[Records drawn from a dataset]
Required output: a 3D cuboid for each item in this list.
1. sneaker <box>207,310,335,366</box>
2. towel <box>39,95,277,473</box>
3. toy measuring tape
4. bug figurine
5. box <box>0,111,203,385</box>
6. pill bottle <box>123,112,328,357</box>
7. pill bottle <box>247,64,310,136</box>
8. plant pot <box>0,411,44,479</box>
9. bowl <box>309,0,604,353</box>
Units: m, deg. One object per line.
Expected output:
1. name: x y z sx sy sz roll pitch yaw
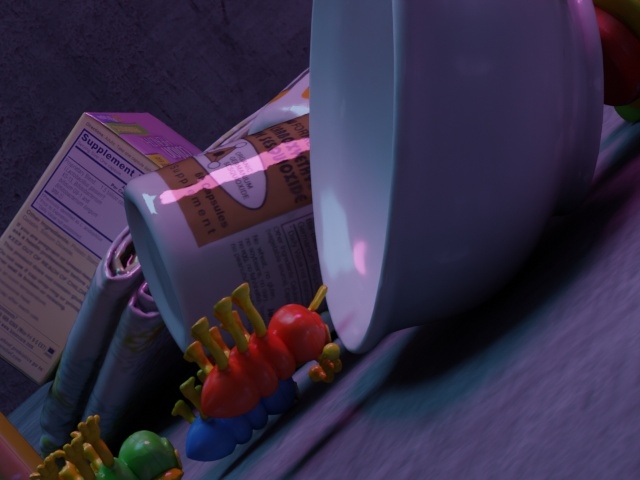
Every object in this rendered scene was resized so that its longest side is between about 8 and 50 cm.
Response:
1. sneaker: 0.000 0.000 1.480 0.279 0.118 0.107 -41 6 15
2. towel: -0.132 0.039 1.904 0.320 0.090 0.374 -45 -10 -34
3. toy measuring tape: 0.214 -0.150 1.143 0.121 0.121 0.330 -44 5 -19
4. bug figurine: -0.082 0.121 1.234 0.216 0.072 0.279 -38 -7 -13
5. box: -0.222 0.002 1.951 0.243 0.117 0.213 -54 -7 10
6. pill bottle: -0.007 -0.018 1.346 0.229 0.131 0.131 -21 0 -13
7. pill bottle: 0.078 -0.117 1.641 0.278 0.162 0.162 -45 5 -33
8. plant pot: -0.324 0.222 1.566 0.228 0.227 0.207 -43 12 -21
9. bowl: 0.079 -0.084 1.135 0.134 0.298 0.298 0 -1 -8
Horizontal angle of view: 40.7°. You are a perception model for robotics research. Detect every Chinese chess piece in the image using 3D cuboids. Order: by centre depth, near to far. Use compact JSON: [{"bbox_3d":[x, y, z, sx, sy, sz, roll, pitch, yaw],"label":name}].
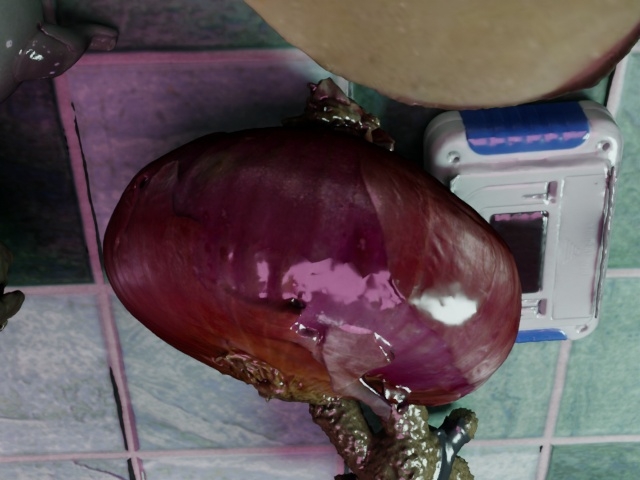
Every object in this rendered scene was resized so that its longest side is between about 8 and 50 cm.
[{"bbox_3d":[0.075,-0.232,0.548,0.338,0.140,0.338,19,154,10],"label":"Chinese chess piece"}]

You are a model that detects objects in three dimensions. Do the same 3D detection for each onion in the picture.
[{"bbox_3d":[0.000,0.000,0.732,0.347,0.285,0.347,11,165,3],"label":"onion"}]

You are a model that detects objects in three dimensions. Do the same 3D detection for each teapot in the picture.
[{"bbox_3d":[-0.311,-0.185,0.660,0.294,0.129,0.193,18,122,-11],"label":"teapot"}]

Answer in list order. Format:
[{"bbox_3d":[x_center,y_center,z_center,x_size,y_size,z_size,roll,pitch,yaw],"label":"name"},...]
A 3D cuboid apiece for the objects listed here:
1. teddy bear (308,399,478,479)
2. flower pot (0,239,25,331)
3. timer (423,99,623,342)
[{"bbox_3d":[0.086,0.239,0.957,0.182,0.129,0.251,-27,120,18],"label":"teddy bear"},{"bbox_3d":[-0.412,0.038,0.718,0.301,0.213,0.302,14,147,9],"label":"flower pot"},{"bbox_3d":[0.189,-0.004,0.829,0.178,0.078,0.253,-5,125,2],"label":"timer"}]
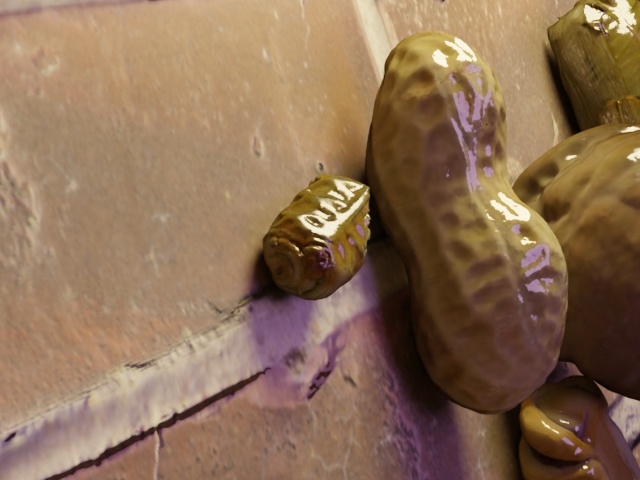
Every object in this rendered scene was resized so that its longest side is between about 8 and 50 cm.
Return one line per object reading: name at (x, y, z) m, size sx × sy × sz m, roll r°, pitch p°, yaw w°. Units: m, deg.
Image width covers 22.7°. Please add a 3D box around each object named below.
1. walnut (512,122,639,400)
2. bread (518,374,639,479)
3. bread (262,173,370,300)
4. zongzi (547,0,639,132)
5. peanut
walnut at (0.277, 0.014, 1.384) m, size 0.248 × 0.248 × 0.248 m, roll 36°, pitch 46°, yaw -49°
bread at (0.231, 0.221, 1.371) m, size 0.225 × 0.081 × 0.134 m, roll 62°, pitch 25°, yaw -17°
bread at (0.000, 0.000, 1.098) m, size 0.066 × 0.060 × 0.110 m, roll 52°, pitch 32°, yaw -8°
zongzi at (0.306, -0.082, 1.655) m, size 0.274 × 0.145 × 0.300 m, roll 40°, pitch 76°, yaw -12°
peanut at (0.112, -0.015, 1.223) m, size 0.120 × 0.136 × 0.298 m, roll -14°, pitch 87°, yaw -61°
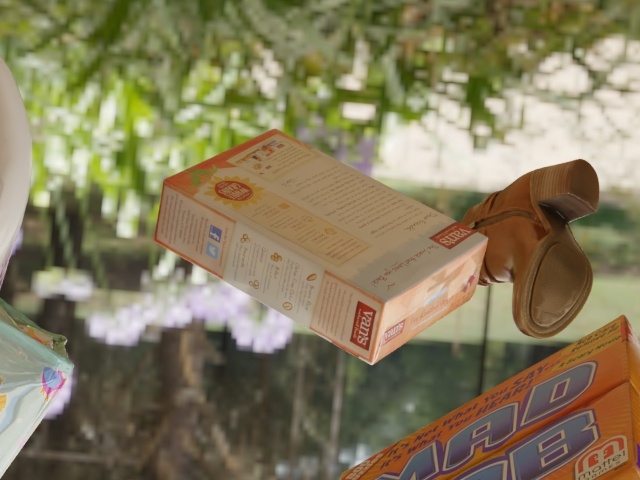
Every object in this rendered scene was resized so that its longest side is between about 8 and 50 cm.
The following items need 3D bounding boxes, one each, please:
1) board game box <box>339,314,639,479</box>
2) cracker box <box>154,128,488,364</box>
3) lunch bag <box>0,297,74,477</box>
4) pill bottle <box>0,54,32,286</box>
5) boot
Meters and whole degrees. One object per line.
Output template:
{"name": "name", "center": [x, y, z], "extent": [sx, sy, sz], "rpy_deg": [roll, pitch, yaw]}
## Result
{"name": "board game box", "center": [0.239, 0.358, 1.775], "extent": [0.356, 0.356, 0.356], "rpy_deg": [-31, -168, 16]}
{"name": "cracker box", "center": [0.000, 0.000, 1.522], "extent": [0.232, 0.067, 0.155], "rpy_deg": [28, -146, 27]}
{"name": "lunch bag", "center": [-0.372, 0.109, 1.530], "extent": [0.262, 0.223, 0.160], "rpy_deg": [36, -179, -17]}
{"name": "pill bottle", "center": [-0.227, 0.013, 0.811], "extent": [0.169, 0.169, 0.301], "rpy_deg": [6, 158, -14]}
{"name": "boot", "center": [0.178, 0.023, 1.688], "extent": [0.073, 0.197, 0.152], "rpy_deg": [40, 142, -24]}
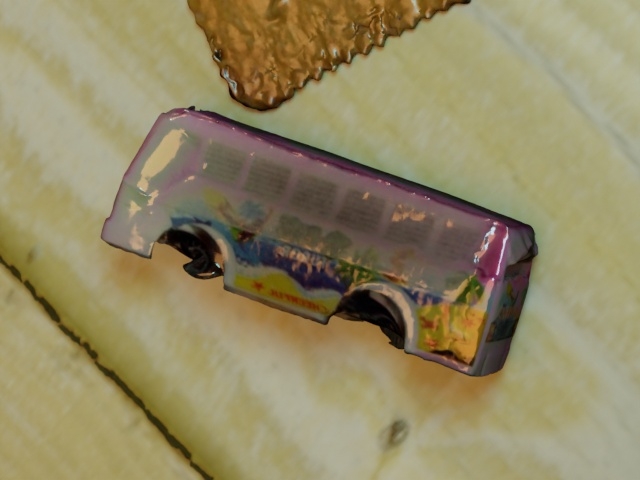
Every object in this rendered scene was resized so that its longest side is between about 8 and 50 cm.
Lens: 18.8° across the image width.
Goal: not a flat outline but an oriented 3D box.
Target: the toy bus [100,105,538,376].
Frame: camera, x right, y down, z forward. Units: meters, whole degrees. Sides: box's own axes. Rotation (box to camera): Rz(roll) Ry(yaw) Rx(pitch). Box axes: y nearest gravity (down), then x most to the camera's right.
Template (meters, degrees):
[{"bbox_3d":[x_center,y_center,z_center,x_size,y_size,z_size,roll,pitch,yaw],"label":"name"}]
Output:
[{"bbox_3d":[0.000,0.000,1.258,0.274,0.090,0.112,20,98,18],"label":"toy bus"}]

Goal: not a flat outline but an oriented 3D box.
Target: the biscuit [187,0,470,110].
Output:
[{"bbox_3d":[-0.007,-0.233,1.266,0.232,0.013,0.236,-27,87,23],"label":"biscuit"}]

_Instructions to follow_
Only the lines above, from the first through the one holding "8. plant pot <box>0,411,44,479</box>", are to be output, and they must be copied exactly.

_Solved problem_
Required output: a 3D cuboid for each item in this list.
1. sneaker <box>207,310,335,366</box>
2. towel <box>39,95,277,473</box>
3. toy measuring tape
4. bug figurine
5. box <box>0,111,203,385</box>
6. pill bottle <box>123,112,328,357</box>
7. pill bottle <box>247,64,310,136</box>
8. plant pot <box>0,411,44,479</box>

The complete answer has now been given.